How to interpret this result

Henry has one copy of an FGF4 retrogene on chromosome 12. In some breeds such as Beagles, Cocker Spaniels, and Dachshunds (among others) this variant is found in nearly all dogs. While those breeds are known to have an elevated risk of IVDD, many dogs in those breeds never develop IVDD. For mixed breed dogs and purebreds of other breeds where this variant is not as common, risk for Type I IVDD is greater for individuals with this variant than for similar dogs.

What is Intervertebral Disc Disease (Type I)?

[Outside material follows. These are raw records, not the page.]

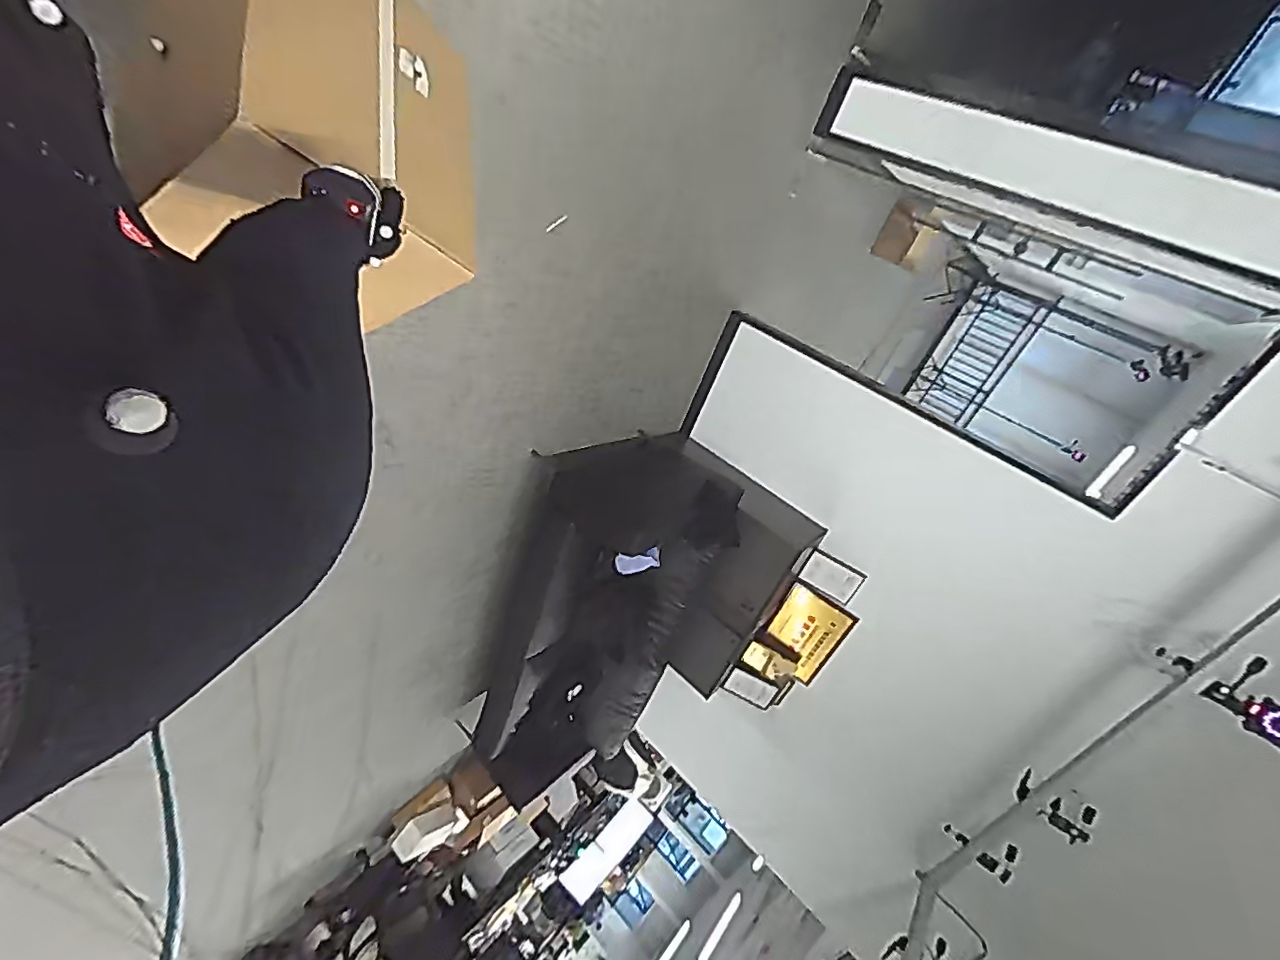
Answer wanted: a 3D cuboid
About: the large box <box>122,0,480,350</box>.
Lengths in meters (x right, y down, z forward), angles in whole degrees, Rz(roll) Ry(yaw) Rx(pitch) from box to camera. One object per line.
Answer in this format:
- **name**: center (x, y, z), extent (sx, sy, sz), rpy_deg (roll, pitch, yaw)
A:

Type I Intervertebral Disc Disease (IVDD) is a back/spine issue that refers to a health condition affecting the discs that act as cushions between vertebrae. With Type I IVDD, affected dogs can have a disc event where it ruptures or herniates towards the spinal cord. This pressure on the spinal cord causes neurologic signs which can range from a wobbly gait to impairment of movement. Chondrodystrophy (CDDY) refers to the relative proportion between a dog’s legs and body, wherein the legs are shorter and the body longer. There are multiple different variants that can cause a markedly chondrodystrophic appearance as observed in Dachshunds and Corgis. However, this particular variant is the only one known to also increase the risk for IVDD.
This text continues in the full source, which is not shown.